In the rapidly evolving landscape of artificial intelligence, Large Language Models (LLMs) have become indispensable tools, offering unparalleled capabilities in understanding and generating human-like text. Traditionally, these models have been deployed in data centers equipped with powerful GPUs, but there’s a growing trend to bring these capabilities to more ubiquitous devices like smartphones. This shift aims to leverage rich personal data while maintaining privacy by keeping computations local. However, deploying LLMs on smartphones presents significant challenges due to their limited processing power and memory. Enter PowerInfer-2, a groundbreaking framework from the Institute of Parallel and Distributed Systems (IPADS) at Shanghai Jiao Tong University, designed to tackle these challenges head-on.
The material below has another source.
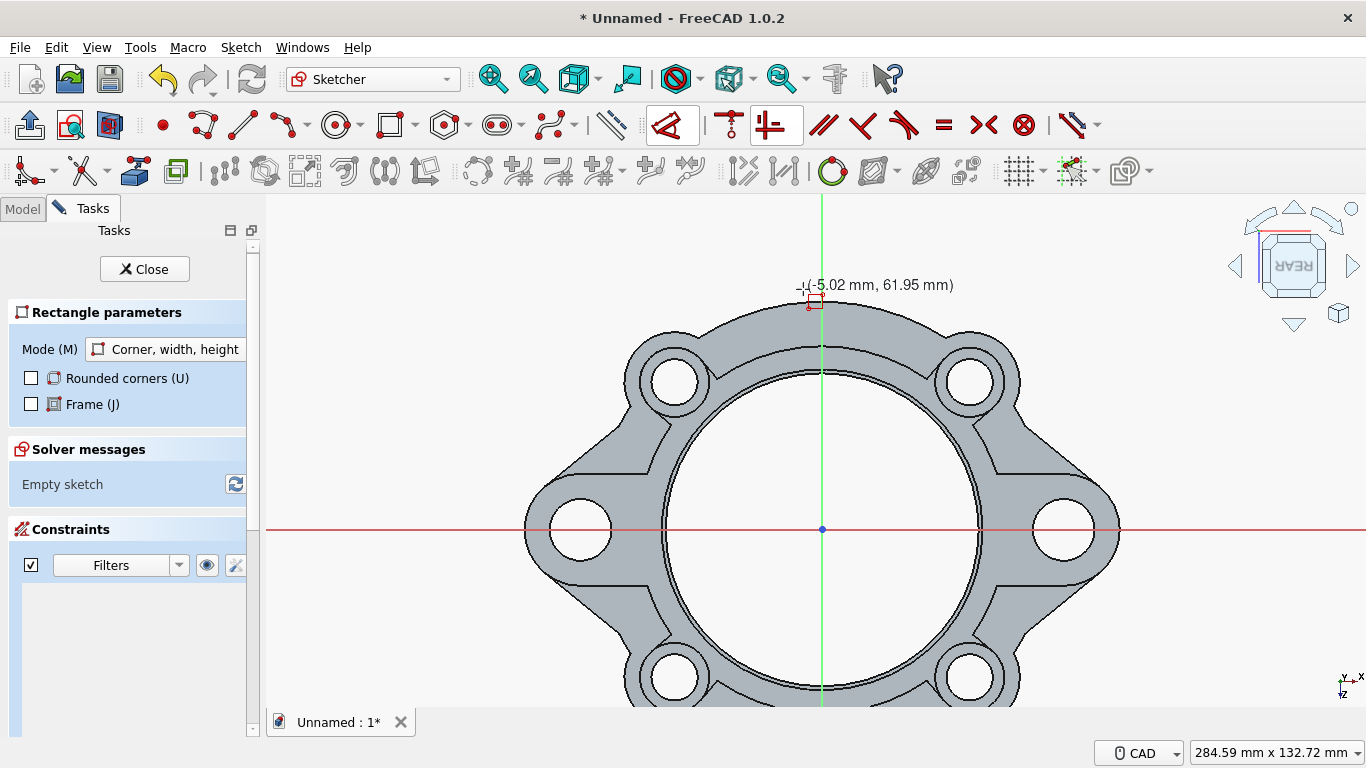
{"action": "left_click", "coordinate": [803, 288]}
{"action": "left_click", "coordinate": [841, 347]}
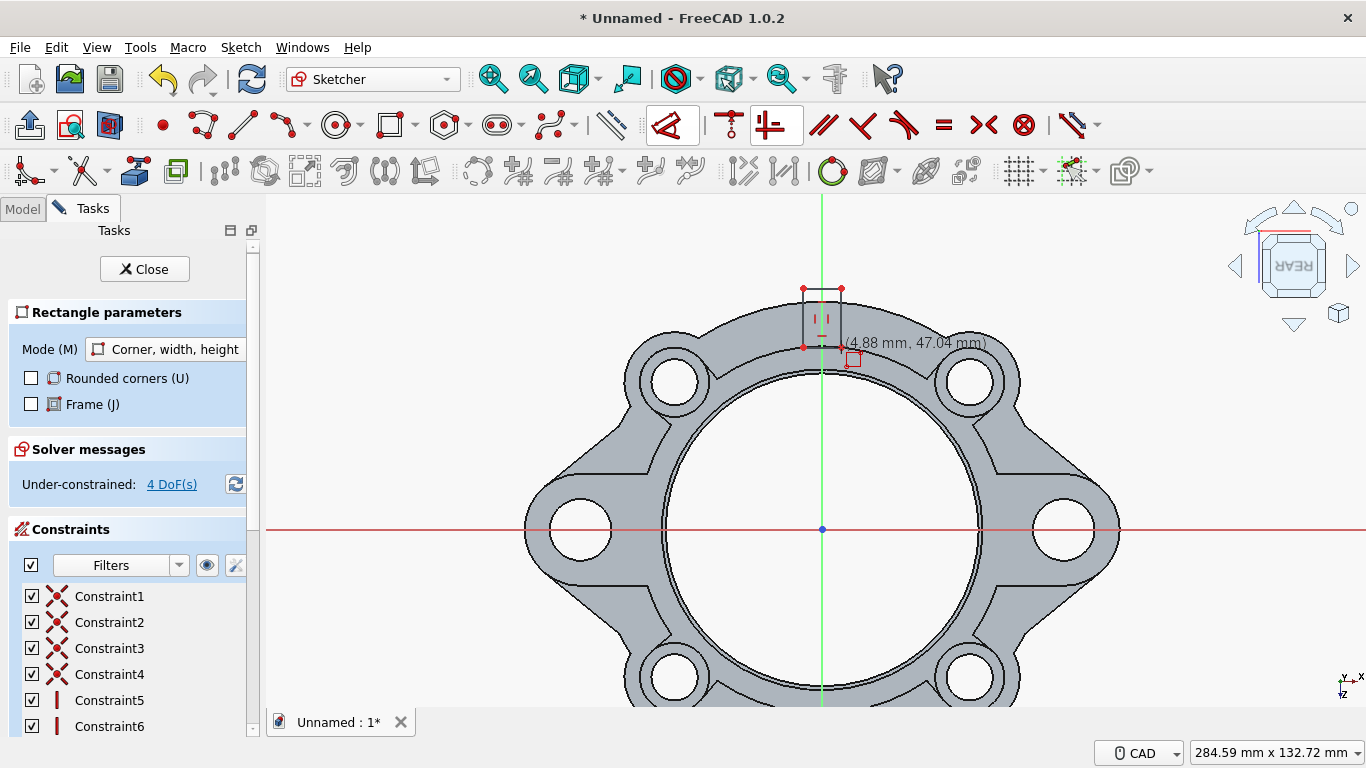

Introduction to PowerInfer-2
PowerInfer-2 is an innovative framework specifically engineered for high-speed inference of LLMs on smartphones, even for models whose sizes exceed the device’s memory capacity. The key to PowerInfer-2’s success lies in its ability to utilize the heterogeneous computation, memory, and I/O resources available in modern smartphones. By decomposing traditional matrix computations into fine-grained neuron cluster computations, PowerInfer-2 significantly enhances inference speed and efficiency.
Key Features of PowerInfer-2
Polymorphic Neuron Engine: Adapts computational strategies for various stages of LLM inference.
Segmented Neuron Caching: Minimizes and conceals I/O overhead.
Fine-Grained Neuron-Cluster-Level Pipelining: Reduces computational delays caused by I/O operations.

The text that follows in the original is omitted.